— Raw data —

--------------------------------------------------

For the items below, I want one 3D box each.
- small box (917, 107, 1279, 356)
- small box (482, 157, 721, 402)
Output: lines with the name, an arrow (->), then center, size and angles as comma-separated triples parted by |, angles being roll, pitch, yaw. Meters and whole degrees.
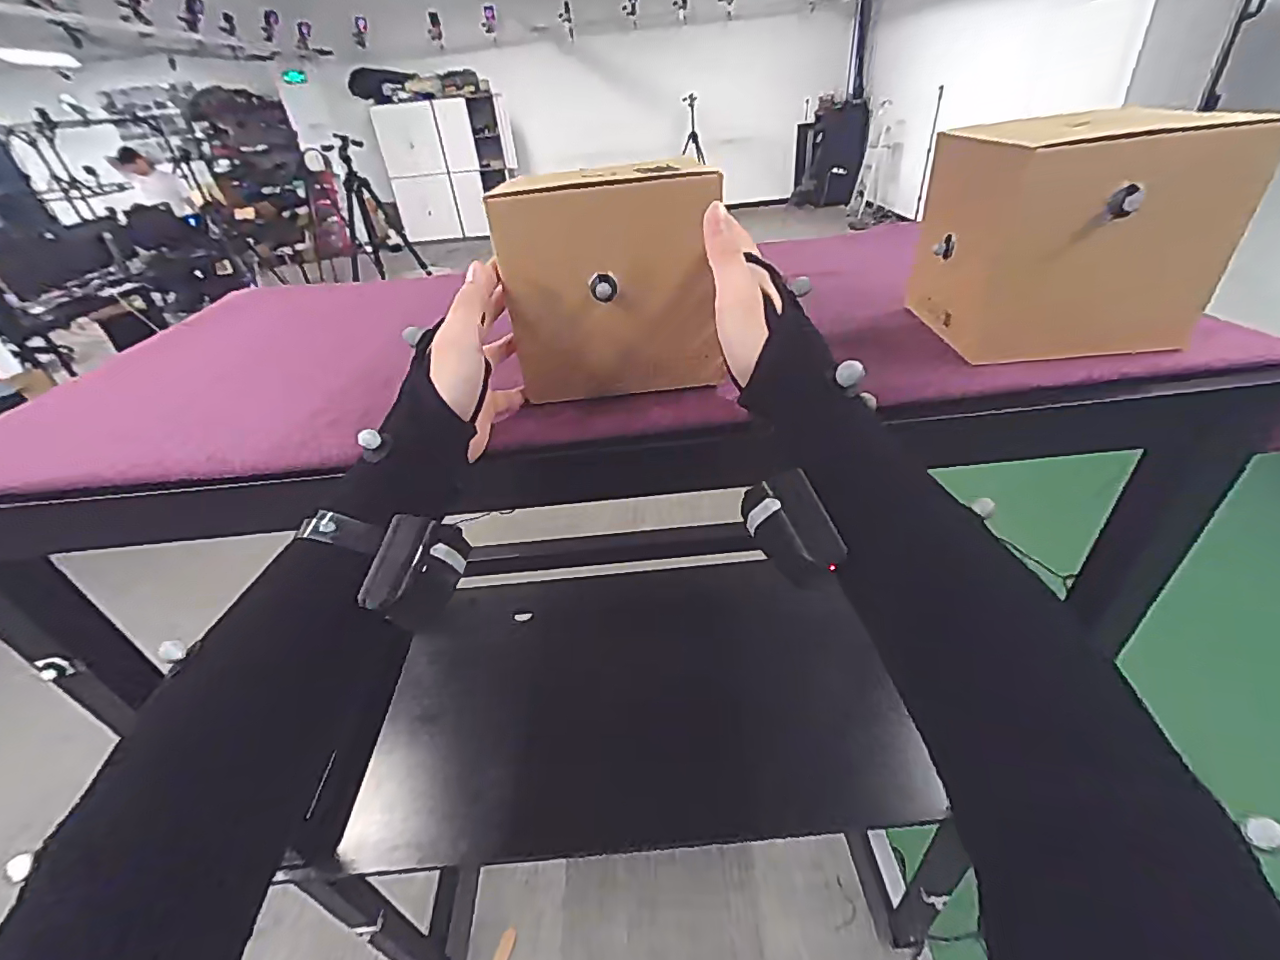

--------------------------------------------------

— Exercise objective —
Where the line containing "- small box (482, 157, 721, 402)" appears, begin writing out the lines exactly, and continue through the end of the material above, omitting pictures.

— Completed task —
- small box (482, 157, 721, 402)
Output: lines with the name, an arrow (->), then center, size and angles as comma-separated triples parted by |, angles being roll, pitch, yaw. Meters and whole degrees.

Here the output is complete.